# Reading > Who Said That? >  "if a man does not keep pace with his companions, perhaps it is because he hears a di

## NikolaiI

What does the following quote mean to you?

"if a man does not keep pace with his companions, perhaps it is because he hears a different drummer."
H. Thoreau

I'm asking for a friend, and I'd be very grateful for analysis and interpretation. It might be helpful to look at the context. Just googling it, I found it sometimes grouped with the sentence before and sometimes with the one after. Thank you.

----------


## Logos

On this site it is contained in Chapter 18, the Conclusion:
http://www.online-literature.com/thoreau/walden/18/

_"Why should we be in such desperate haste to succeed and in such desperate enterprises? If a man does not keep pace with his companions, perhaps it is because he hears a different drummer. Let him step to the music which he hears, however measured or far away. It is not important that he should mature as soon as an apple tree or an oak.

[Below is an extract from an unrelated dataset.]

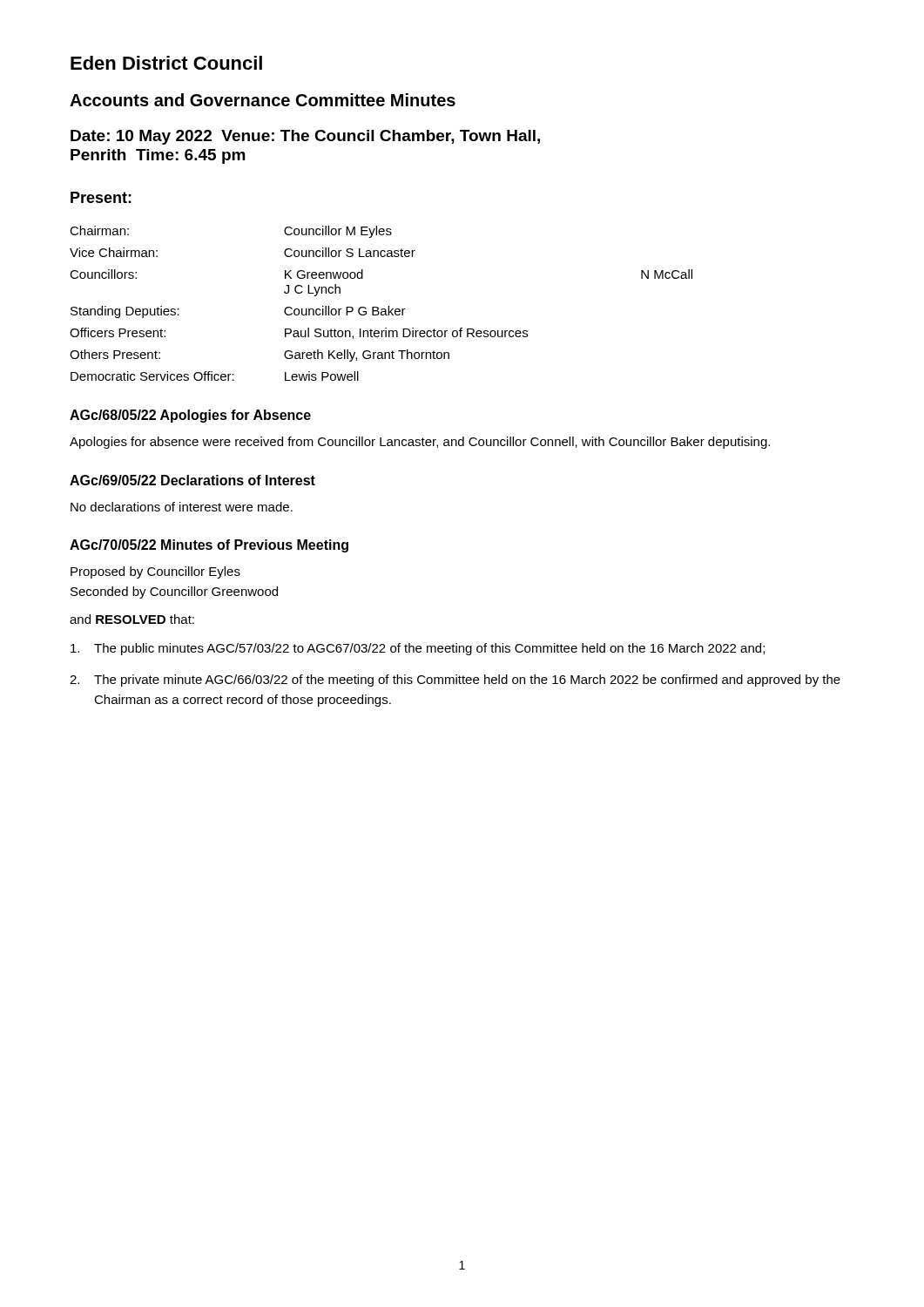Find the title with the text "Accounts and Governance Committee Minutes"
The width and height of the screenshot is (924, 1307).
point(263,100)

Shall he turn his spring into summer?...."_

I haven't read Walden in years, but to me it's a summing up of his philosophy, to embrace your different-ness, be daring, take a chance, take the road less travelled and all that  :Smile:  I think he's also suggesting that some people don't realise that they think differently or don't follow the crowd, but his message is positive and hopeful.

----------


## bazarov

It's very positive quote, in my opinion. 
If someone is acting and thinking different then his friends and his closer society, it doesn't mean that he isn't normal; he is just seeing some things on other way. Maybe he is smarter or wiser then the rest of them, but they don't realize that. Although, he probably knows that and he doesn't care too much about that. Be yourself, and never change your path, no matter of consequences. 

"The individual has always had to struggle to keep from being overwhelmed by the tribe. If you try it, you will be lonely often, and sometimes frightened. But no price is too high to pay for the privilege of owning yourself. "
Friedrich Nietzsche

----------


## Midnight Runner

It's the ultimate embrace of the Emersonian individualism which Thoreau championed throughout Walden. Be true to yourself. If you are different, that is good. Everyone is unique.

----------


## Sindhu

> On this site it is contained in Chapter 18, the Conclusion:
> http://www.online-literature.com/thoreau/walden/18/
> 
> 
> I haven't read Walden in years, but to me it's a summing up of his philosophy, to embrace your different-ness, be daring, take a chance, take the road less travelled and all that  I think he's also suggesting that some people don't realise that they think differently or don't follow the crowd, but his message is positive and hopeful.


I agree totally that it is a positive and hopeful message. 
I would just like to point out that the several ways in which the essence of this quotation has entered into popular consciousness is an indication of its validity and significance. To give just one example, the pop song line "Different Strokes for Different folks"; which has also entered the theme song lyrics of about three TV shows, expresses the same idea in everyday language,and it would be difficult to find someone who does not know at least one version of this. :Biggrin:  . The proverb, (which, I suppose existed before Walden was composed) "You can't fit a square peg into a round hole" too says the same thing in its homely way.
It is also worth adding that Thoreau is not just giving advice to the individual about his/her uniqueness, and daring to be different; he is also warning society to desist from insisting on conformity, because "those who march to a different drummer" (from popular poetry phrases again!  :Wink:  ) may end up making the most valuable contributions to humanity as a whole.

----------


## Logos

> .... this quotation has entered into popular consciousness....


Robert Frost's *The Road Not Taken* comes to mind too. 

And in popular psychology, M. Scott Peck's _The Road Less Traveled_, then _Further Along the Road Less Traveled_ challenges(ed) conventional psychological approaches to the difficulties we all face in life. Yes I remember the tv sitcom "Different Strokes"  :Tongue:

----------


## NikolaiI

I haven't read _Further Along the Road Less Traveled_, but I am a fan of the first one. It was pretty enlighteneing what he said about love being an action and ego boundaries. Great book, and another favourite psychology book of mine is _The Farther Reaches of Human Nature_ by A. Maslow. And after reading M. Scott Peck's book, I had to read a couple others on psychotherapy, which were definitely interesting.

----------